Di seguito il primissimo articolo di questo blog, scritto il 15 dicembre 2016: era l’inizio di tutto.

Da oggi, 7 maggio 2022, inizia la revisione di tutti gli articoli del blog, circa 260. Alcuni probabilmente verranno eliminati, sono proprio brutti e non hanno senso, altri verranno corretti perché non mi rappresentano più. Lo scopo non è stravolgere la strada fatta finora, mi piace condividere l’evoluzione che ha fatto il mio stile e voglio mantenere traccia di questo: non sarà un lavoro facile ma lo sento necessario.

Se arrivando tra queste pagine avete l’impressione che nessun pixel di questo blog è a caso, avete ragione. Quando ho aperto questo spazio non avevo la minima idea di dove sarei arrivata, non pensavo di aprire una ciclofficina né che ad un certo punto mi sarei trasferita.

In un qualche modo ripercorro la mia strada per ricordarmi da dove sono partita ed anche per darVi il meglio possibile come esperienze e condivisione, affinché sulla Vostra strada non Vi sentiate mai sole e soli.

Buona lettura 🙃❤️


Panico. Sabato parteciperò al corso avanzato di ciclomeccanica e sono in panico.
È il terzo corso che frequento, il secondo di ciclomeccanica ed ho l’ansia di essere, come sempre, l’unica donna del corso. Mi sono arrivate le slide con gli argomenti e l’email di presentazione e non ho capito niente. Mentre per quello base ancora qualcosa capivo, di questo mi sfugge l’esistenza di quasi tutti i pezzi elencati.

E poi sono in panico per questo blog, che sta lì, offline.
Ho studiato e sto studiando un sacco come si realizza un blog, come si comunica o si dovrebbe comunicare, cosa significa creare un blog di successo etc etc etc e bla bla bla e tutto questo studio mi ha solo bloccato.
È vero, al contrario degli altri miei blog, che sono sempre stati un insieme di pensieri condivisi un po’ a caso, diari buttati online, vorrei che questo funzionasse, che avesse successo, ma se non comincio non potrò mai sapere che cosa può succedere, indipendentemente da tutti i perfezionamenti tecnici che si renderanno necessari piano piano, imparando cose sempre nuove.

Perchè vorrei avesse successo?

Non è una mera questione di fama personale, anche se non posso negare che essere seguita e apprezzata online non mi dispiace.
Successo nel senso di condivisione.
Vorrei qui, tra queste pagine, condividere la mia esperienza di ciclista urbana (da poco più di due anni), che usa una bici tecnicamente sbagliata e che sta imparando a viaggiare proprio grazie alla bicicletta.

Perché condividere?

La mia esperienza può essere utile a qualcuno che vuole cominciare o che già pedala ma non sa se è meglio una cosa piuttosto che l’altra: in fondo tutti noi ormai, prima di fare qualsiasi cosa, cerchiamo informazioni in rete.

Condivisione, confronto, crescita.

L’ho fatto anche io all’inizio e ammetto di aver trovato ben poco, soprattutto da un punto di vista femminile.

Tra queste pagine scriverò di viaggi, di abbigliamento, di alimentazione, di ciclomeccanica, di libri, di app, di biciclette e di tutto quello che Wilma, ogni giorno, mi permette di imparare e conoscere.
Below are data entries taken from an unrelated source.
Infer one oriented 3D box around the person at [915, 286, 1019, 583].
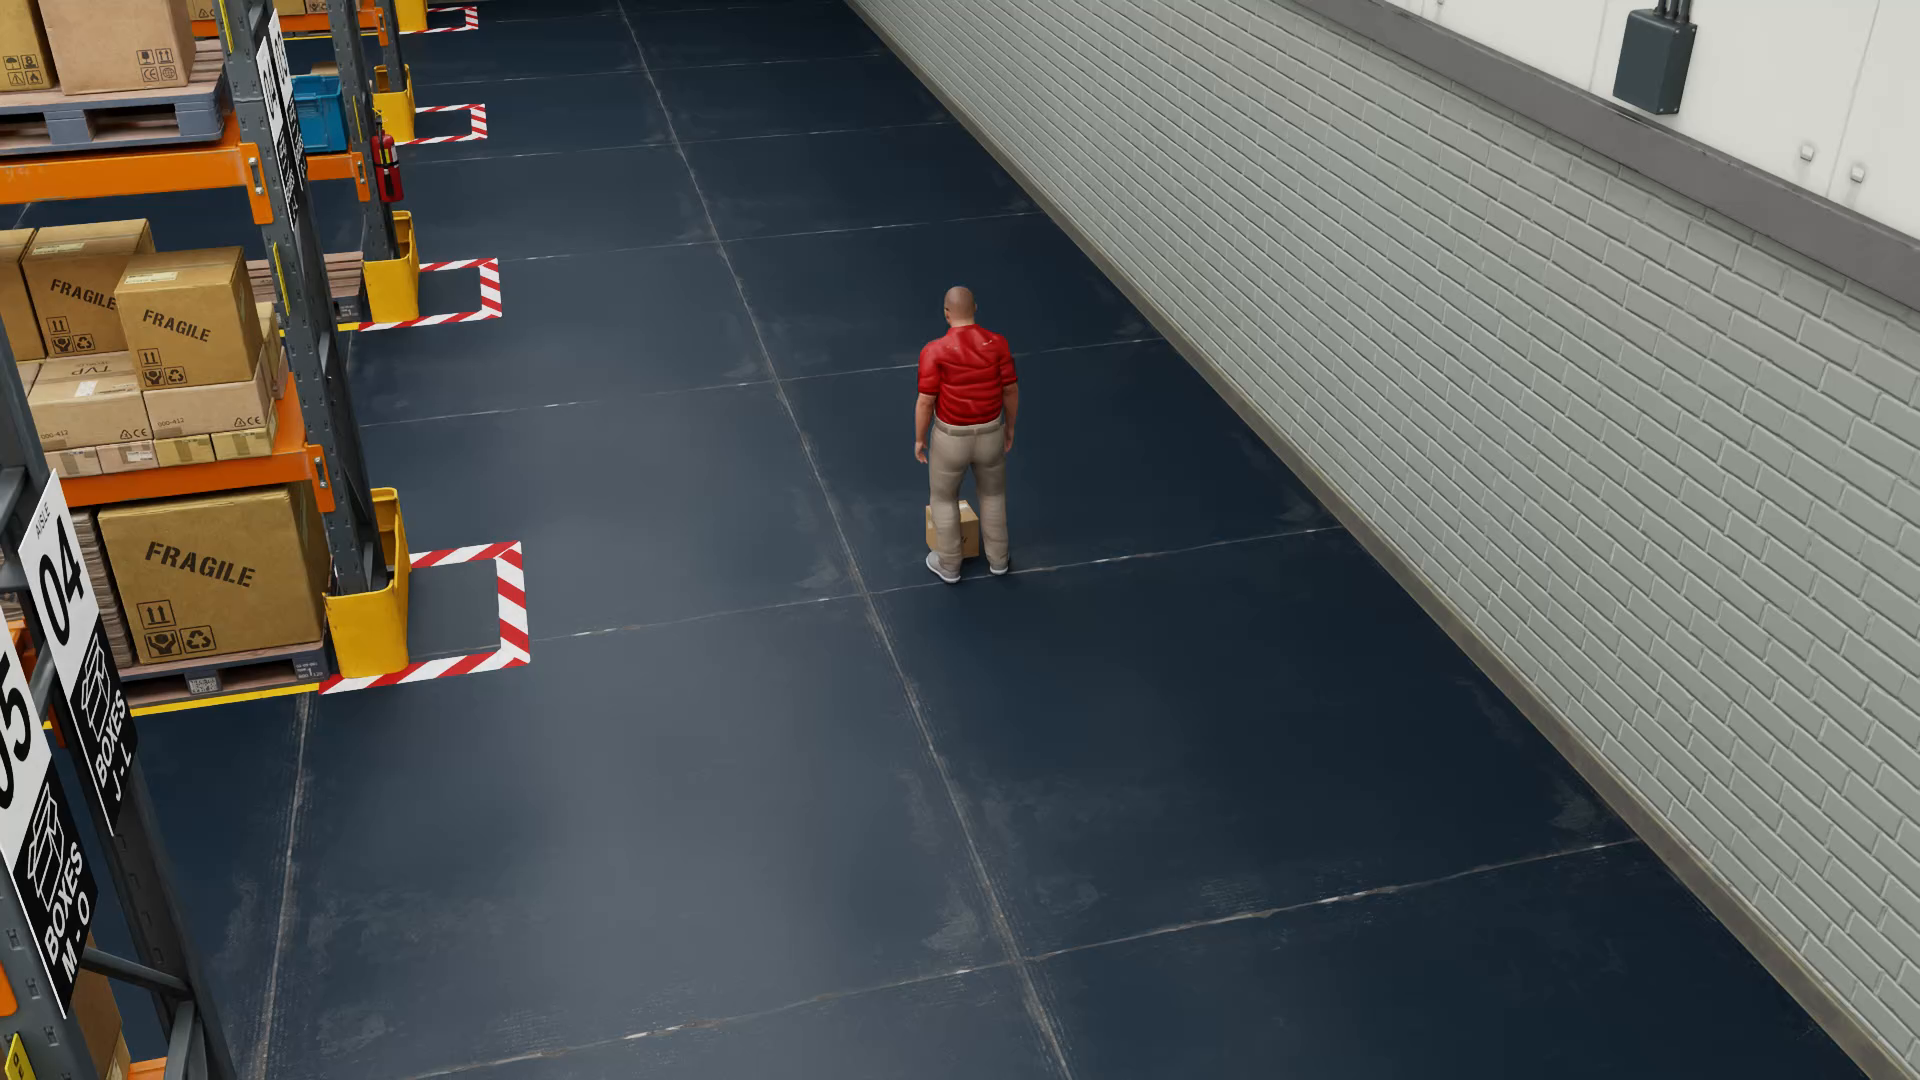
[{"bbox_3d":[0.034,-0.573,9.243,0.586,1.727,0.390,-8,31,-14],"label":"person"}]
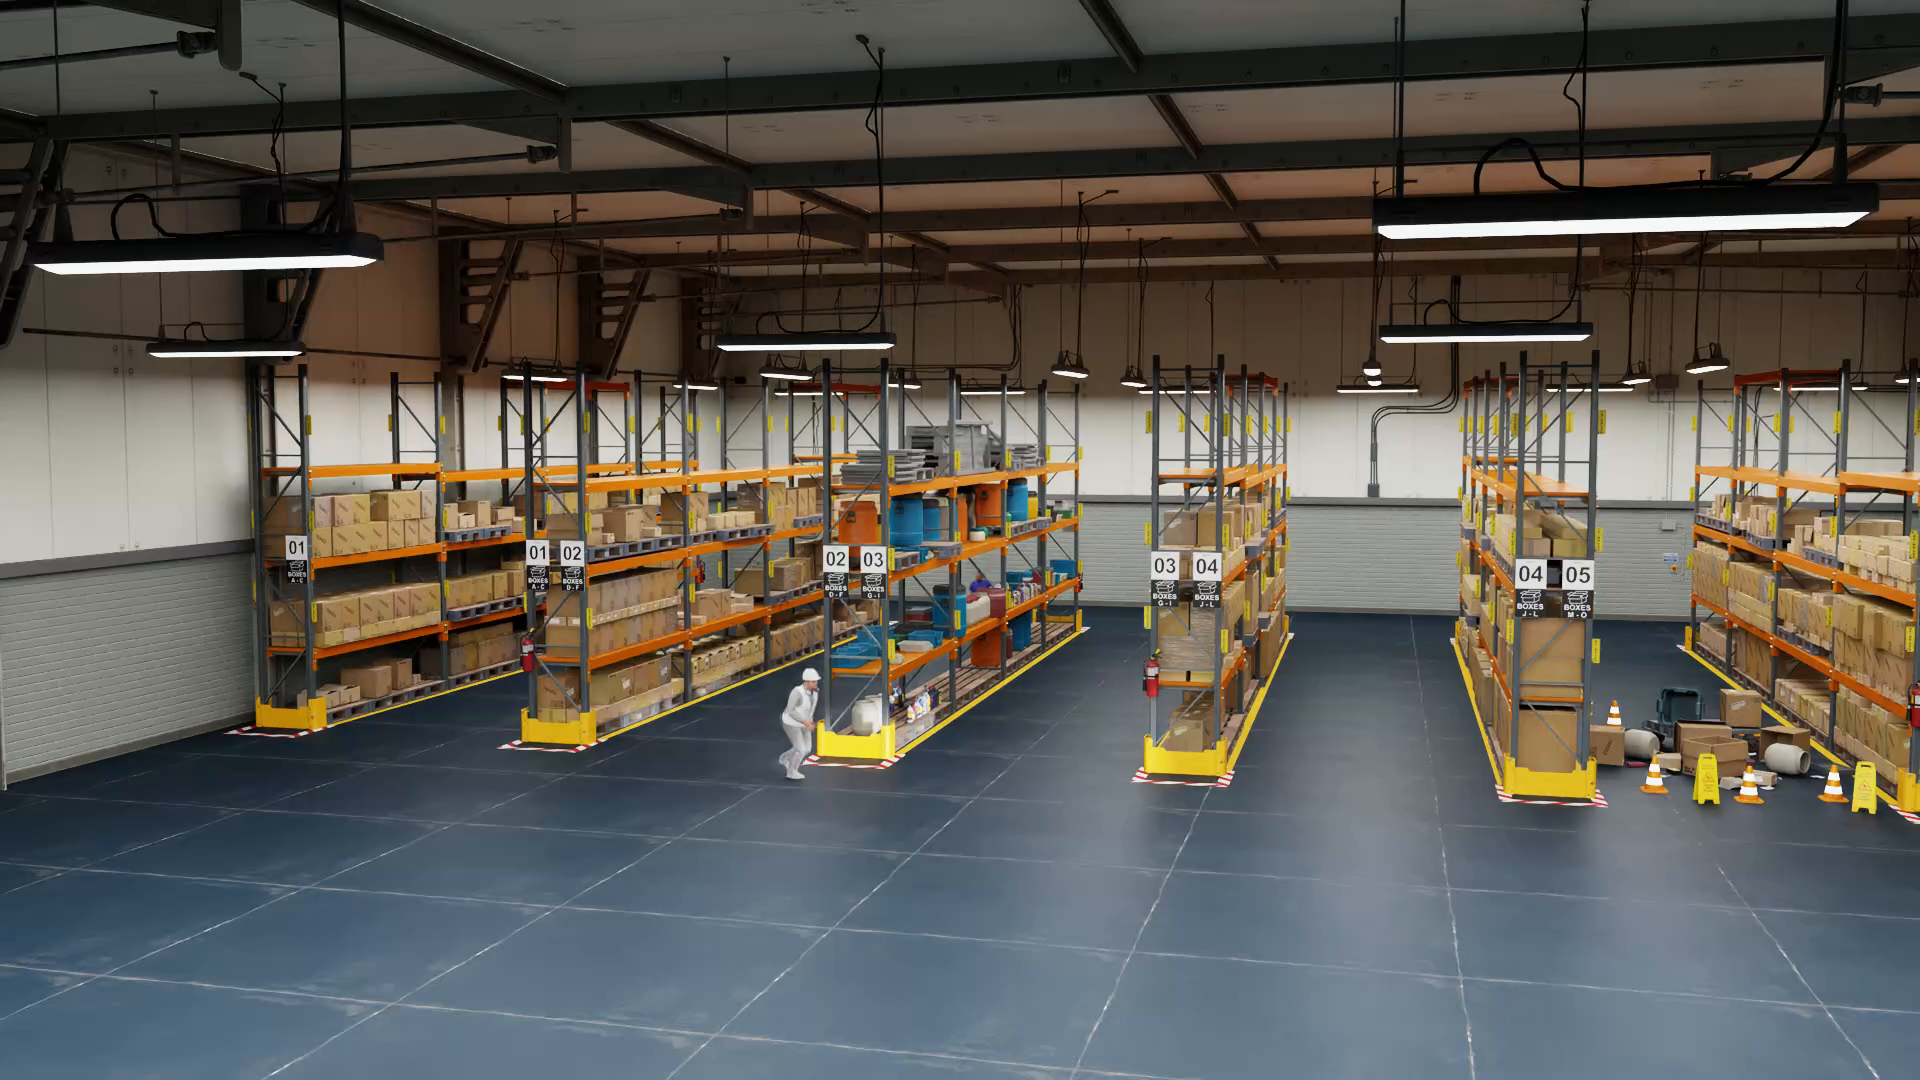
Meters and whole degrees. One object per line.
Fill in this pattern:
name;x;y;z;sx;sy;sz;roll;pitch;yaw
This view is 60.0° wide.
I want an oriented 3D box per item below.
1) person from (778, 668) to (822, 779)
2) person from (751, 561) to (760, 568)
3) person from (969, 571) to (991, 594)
person;-2.282;2.577;23.469;0.915;1.615;0.625;3;5;34
person;-4.973;1.359;40.487;0.578;1.737;0.746;1;4;18
person;0.513;1.504;39.527;0.577;1.547;0.830;1;4;8
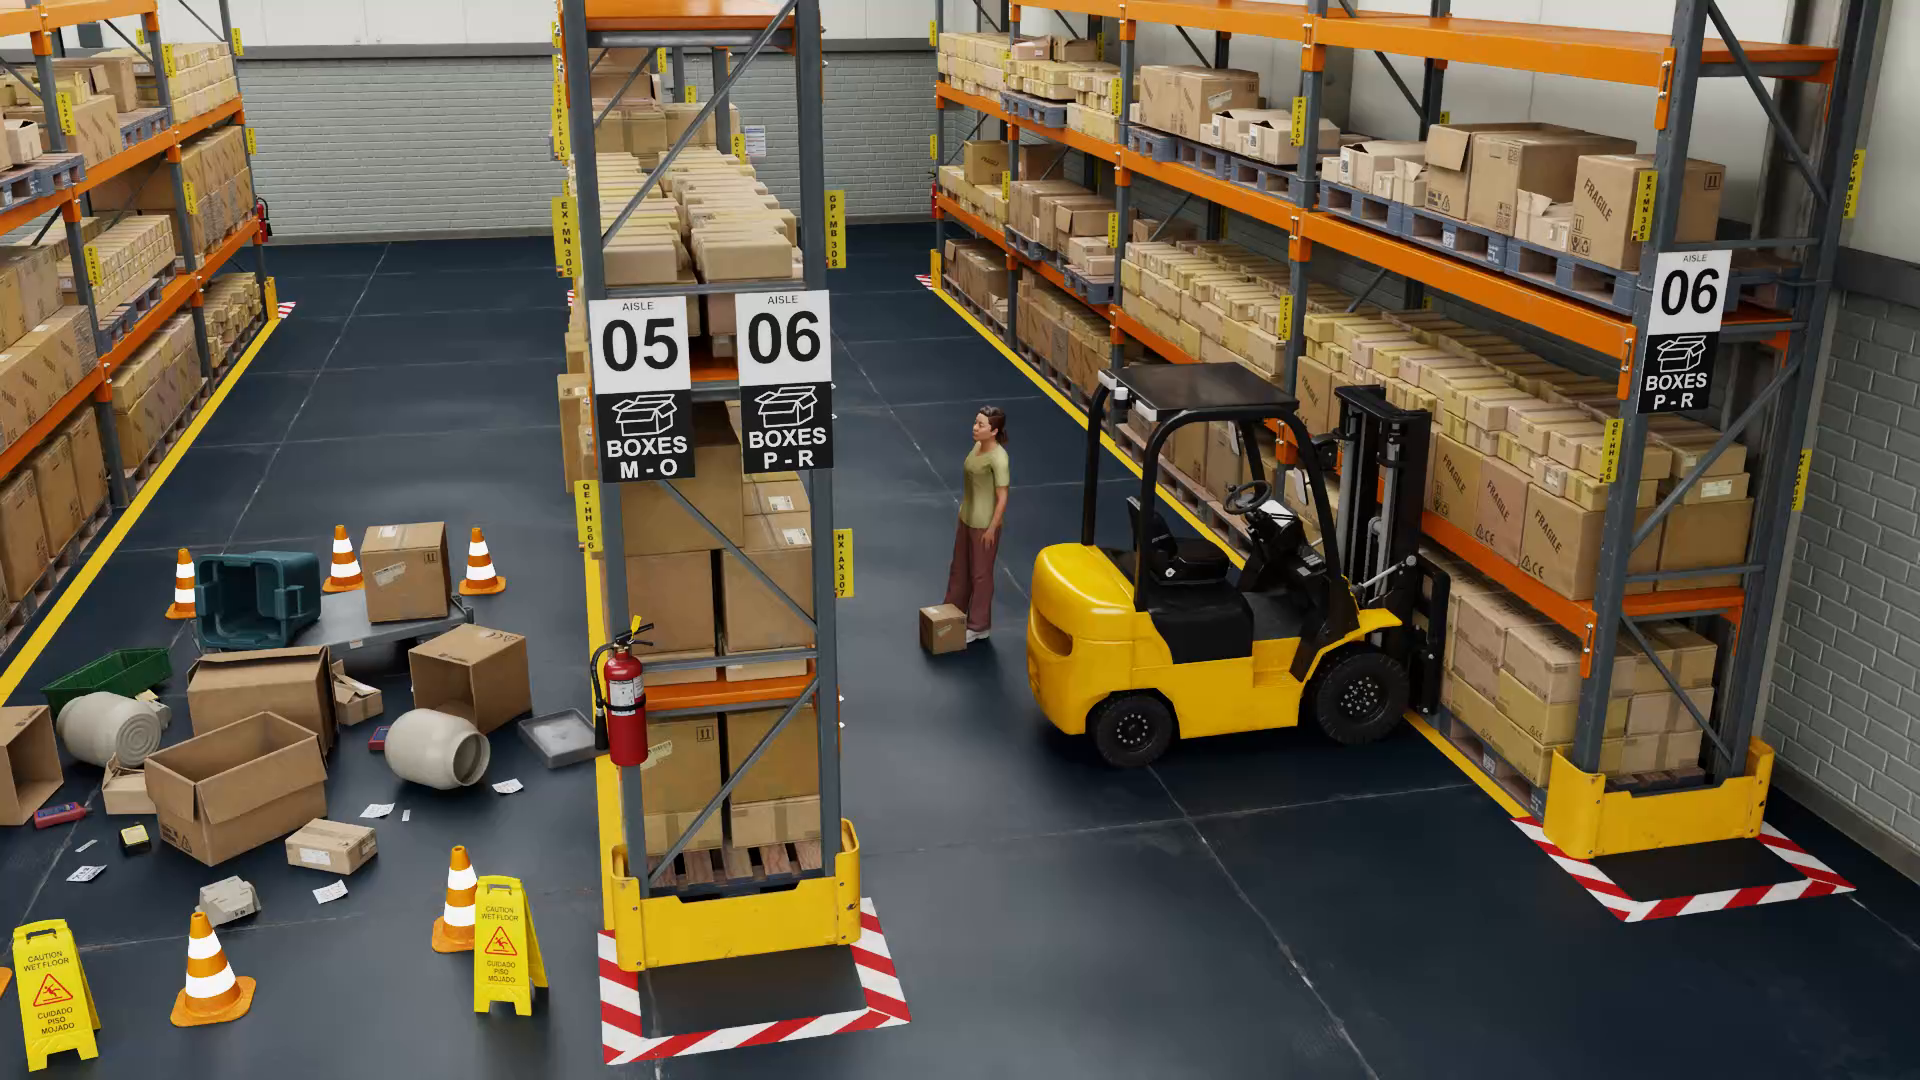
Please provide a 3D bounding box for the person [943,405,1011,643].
[{"bbox_3d":[0.071,-0.104,11.335,0.549,1.676,0.554,-7,21,-20],"label":"person"}]
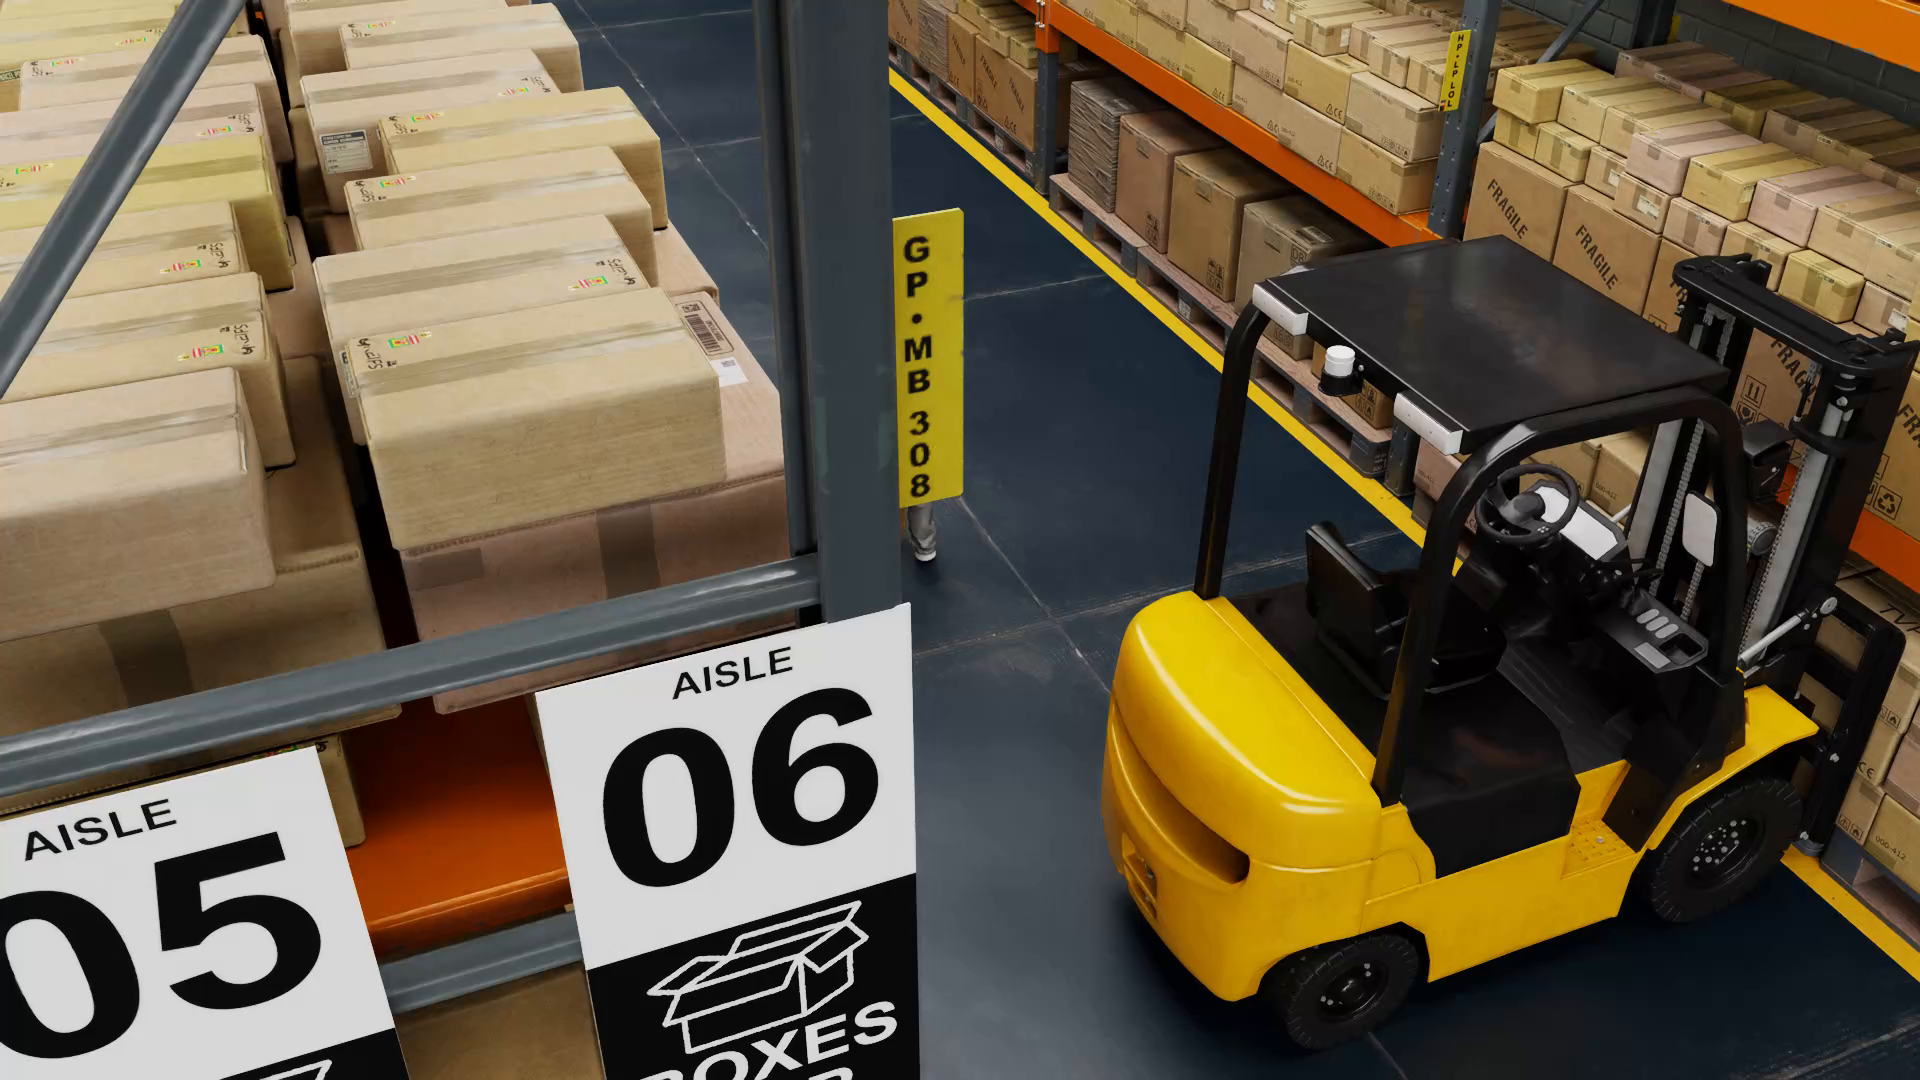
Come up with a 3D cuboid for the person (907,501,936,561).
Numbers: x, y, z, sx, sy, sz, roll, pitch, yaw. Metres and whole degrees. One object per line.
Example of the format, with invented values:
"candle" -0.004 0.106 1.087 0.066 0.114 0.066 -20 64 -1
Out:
"person" -0.313 -0.575 7.018 0.477 1.580 0.377 -15 37 -21

E lo farò da… ignorante.

Metto al servizio di chiunque passerà di qui la mia conoscenza attuale e in divenire.

Venerdì vado a Peschiera del Garda, sabato (per tutto il giorno) ho il corso e domenica rientro. Prendere il treno con la bici a seguito mi scoccia, troppi disservizi, è la parte del viaggio che mi rompe di più. Ma poi arrivo sul lago, il Garda, dove ho fatto la mia prima vacanza in bicicletta, che amo follemente. Scriverò anche di questa avventura, degli errori di questa avventura (non solo).

Ed ovviamente scriverò anche di come andrà il corso. Perché faccio dei corsi? Racconterò anche di queste cose e molte altre.

Per il momento passo e chiudo. Vado a farmi passare il panico e mi preparo alla partenza. In tutti i sensi.